Still curious as to why the nodes are reporting themselves as master/slave.

Cheers,
Gervais

> On Mar 31, 2015, at 5:04 PM, Gervais de Montbrun <gervais at silverorange.com> wrote:
> 
> Hi Yugo,
> 
> I understand your description below of the situation and should have realized the difference between the nodes in show pool_nodes and pcp_watchdog_info. I’m still curious why the backend nodes report themselves as “master” and “slave” when I am not running in replication and load balancing mode. Shouldn’t this be a master/master situation as writes are going to both server simultaneously?
> 
> On another note… I am now testing my setup and have hit a snag. I have a php script that is writing to the pgpool (which then sends writes to both back-ends) in an endless loop. When I shutdown one of the postgres servers, the watchdog notices and sets this node to a “degenerated” state. But my script then quits out with an error… I was expecting and hoping that it would continue to run and that I could then just recover the downed node later. After some experimenting and searching, I found an old post where Tatsuo Ishii tells a user that there is a -g flag for pcp_detach_node…. I then tested doing a graceful detach and this does not crash my script… It looks like watchdog does not do a graceful detach, but instead immediately detaches a node when it gets the signal that it is shutting down. Is there a way to make watchdog default to graceful detach of a node. This way we could shutdown and service a node without breaking our web sites?
> 
> This is the mail exchange I am referencing: http://www.sraoss.jp/pipermail/pgpool-general/2014-July/003100.html
> 
> Thank you in advance for your help with this.
> 
> Cheers,
> Gervais
> 
>> On Mar 31, 2015, at 3:20 AM, Yugo Nagata <nagata at sraoss.co.jp> wrote:
>> 
>> Hi,
>> 
>> On Mon, 30 Mar 2015 11:28:15 -0300
>> Gervais de Montbrun <gervais at silverorange.com> wrote:
>> 
>>> Hi,
>>> 
>>> Thank you for your reply.
>>> 
>>> I was concerned about ignoring the pgpool_status file at startup.

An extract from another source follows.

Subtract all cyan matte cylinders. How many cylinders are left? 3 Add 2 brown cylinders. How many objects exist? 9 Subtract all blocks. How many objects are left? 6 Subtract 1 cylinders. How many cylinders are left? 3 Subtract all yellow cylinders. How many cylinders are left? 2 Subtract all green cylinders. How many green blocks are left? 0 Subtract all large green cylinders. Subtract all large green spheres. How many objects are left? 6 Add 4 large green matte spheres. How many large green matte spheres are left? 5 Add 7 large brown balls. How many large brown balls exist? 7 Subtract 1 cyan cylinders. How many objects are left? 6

When pgpool starts, it check to see if the backend nodes are running, but does not communicate with the other pgpool server to check the state of the backends.
>> 
>> Yes, pgpool-II doesn't communicate with each other about pgpool_stats.
>> I realized this problem and plan to enhance wathdog about this in future.
>> 
>>> It is possible for postgresql server to be running and still be in a detached state. I changed the failover and failback commands to include shutting down the postgresql-server on the backend that is being detached and attached. This seems to be working fine now and I think that I have my setup properly configured for all edge cases.
>> 
>>> 
>>> One thing that I noticed is that the result of the show pool_nodes command seems to be incorrect.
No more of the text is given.